Start of Source data
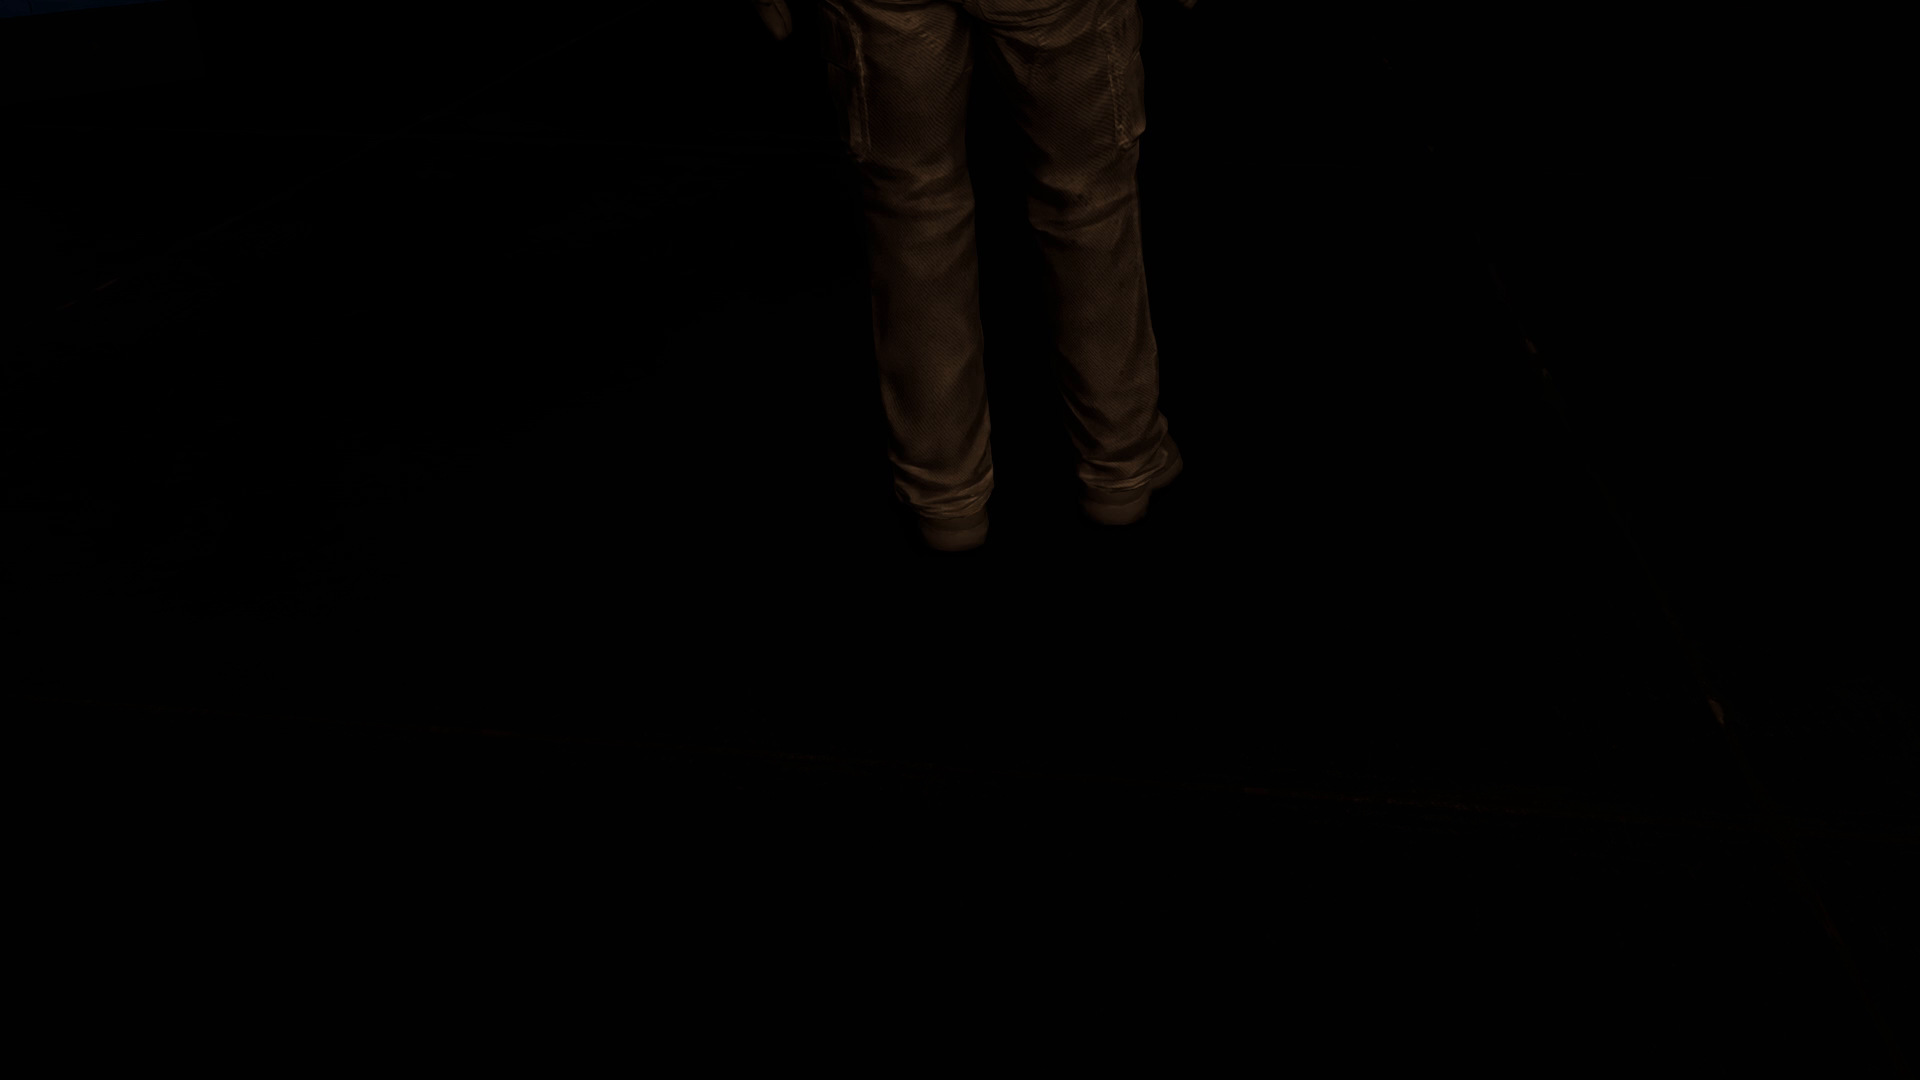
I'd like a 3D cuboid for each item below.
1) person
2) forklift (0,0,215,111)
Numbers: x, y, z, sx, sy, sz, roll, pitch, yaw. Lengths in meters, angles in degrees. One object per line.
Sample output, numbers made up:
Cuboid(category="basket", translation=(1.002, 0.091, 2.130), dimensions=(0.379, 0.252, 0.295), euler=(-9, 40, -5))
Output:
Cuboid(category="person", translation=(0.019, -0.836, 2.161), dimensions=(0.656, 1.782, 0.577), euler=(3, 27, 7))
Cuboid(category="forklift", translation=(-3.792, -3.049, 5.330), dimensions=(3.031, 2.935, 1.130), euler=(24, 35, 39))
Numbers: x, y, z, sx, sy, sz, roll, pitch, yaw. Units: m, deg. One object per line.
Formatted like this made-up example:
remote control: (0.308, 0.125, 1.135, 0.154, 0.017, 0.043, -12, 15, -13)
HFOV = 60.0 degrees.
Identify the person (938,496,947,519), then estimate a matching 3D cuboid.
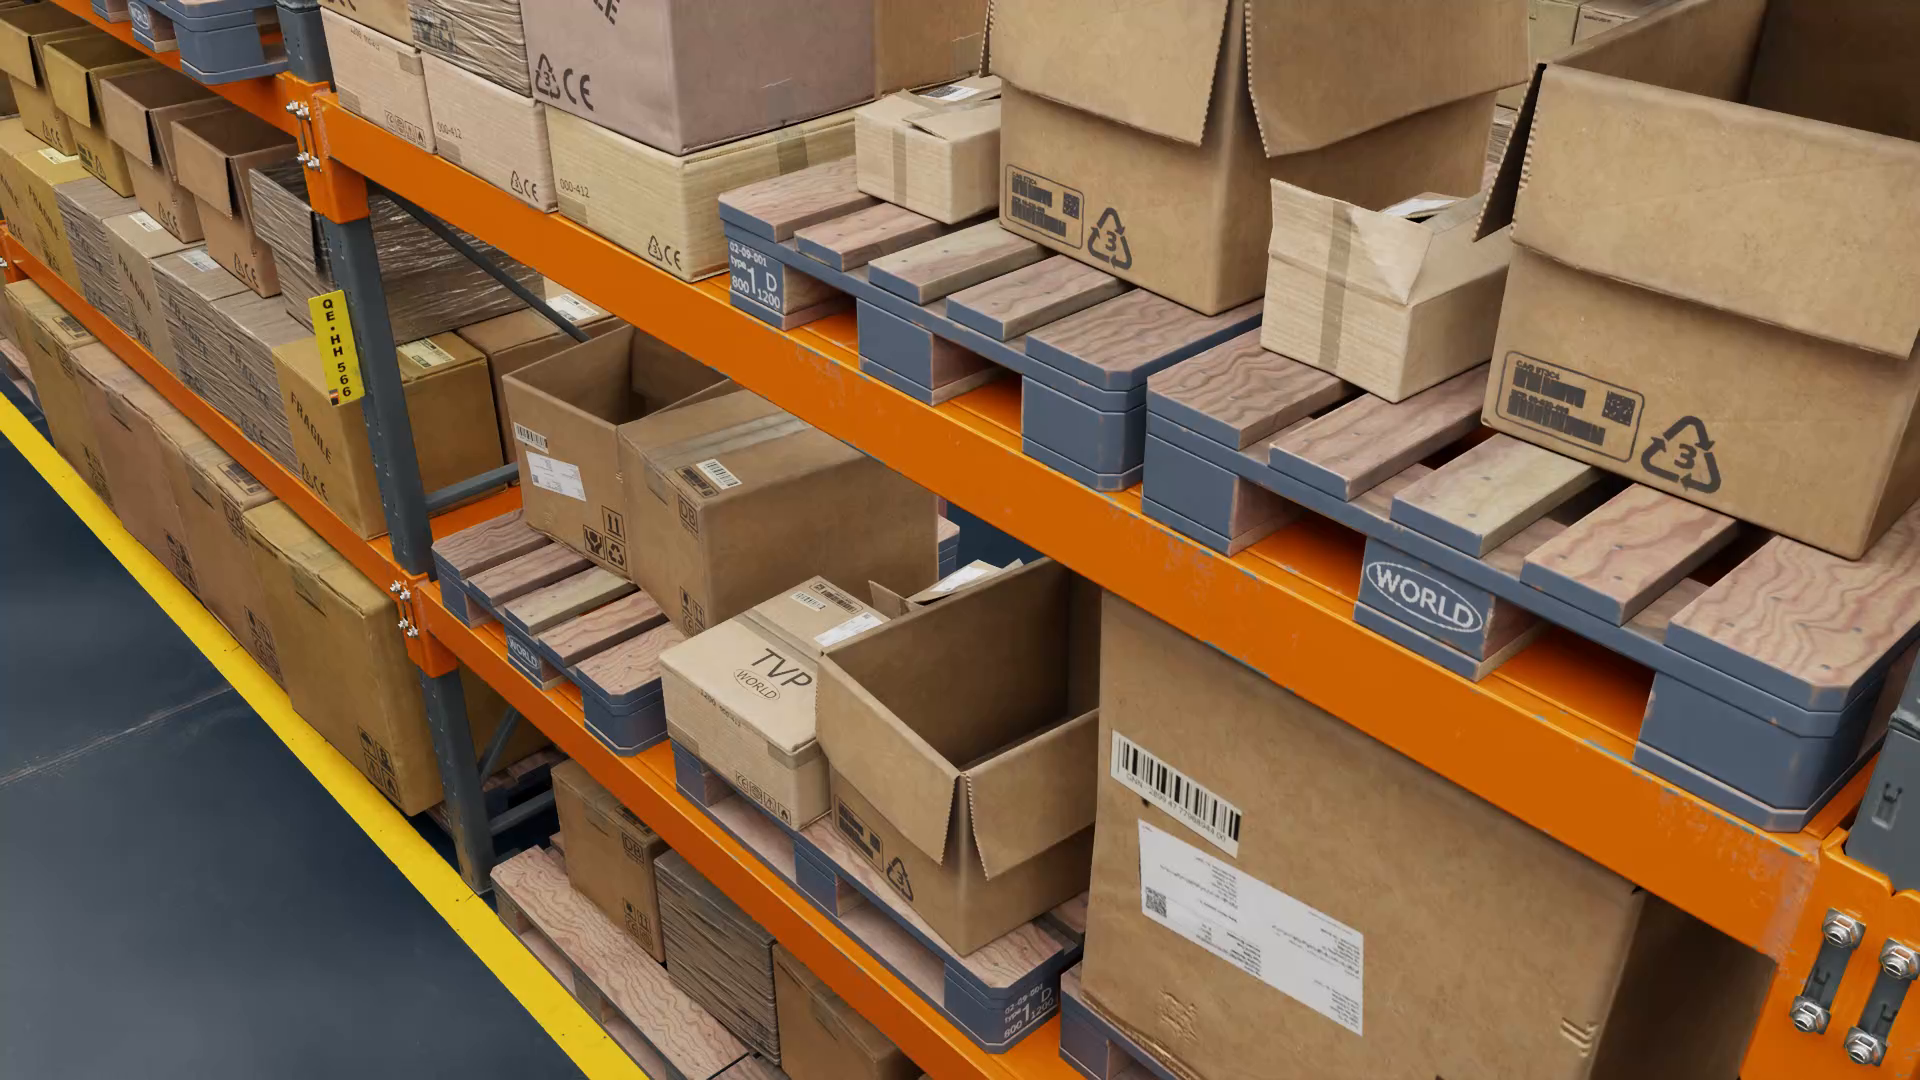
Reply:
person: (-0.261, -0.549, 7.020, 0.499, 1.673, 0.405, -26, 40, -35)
End of Source data
> _Your task_: Restate the listing word for word, pictures excluded.

> _Worked solution_:
I'd like a 3D cuboid for each item below.
1) person
2) forklift (0,0,215,111)
Numbers: x, y, z, sx, sy, sz, roll, pitch, yaw. Lengths in meters, angles in degrees. One object per line.
Sample output, numbers made up:
Cuboid(category="basket", translation=(1.002, 0.091, 2.130), dimensions=(0.379, 0.252, 0.295), euler=(-9, 40, -5))
Output:
Cuboid(category="person", translation=(0.019, -0.836, 2.161), dimensions=(0.656, 1.782, 0.577), euler=(3, 27, 7))
Cuboid(category="forklift", translation=(-3.792, -3.049, 5.330), dimensions=(3.031, 2.935, 1.130), euler=(24, 35, 39))
Numbers: x, y, z, sx, sy, sz, roll, pitch, yaw. Units: m, deg. One object per line.
Formatted like this made-up example:
remote control: (0.308, 0.125, 1.135, 0.154, 0.017, 0.043, -12, 15, -13)
HFOV = 60.0 degrees.
Identify the person (938,496,947,519), then estimate a matching 3D cuboid.
Reply:
person: (-0.261, -0.549, 7.020, 0.499, 1.673, 0.405, -26, 40, -35)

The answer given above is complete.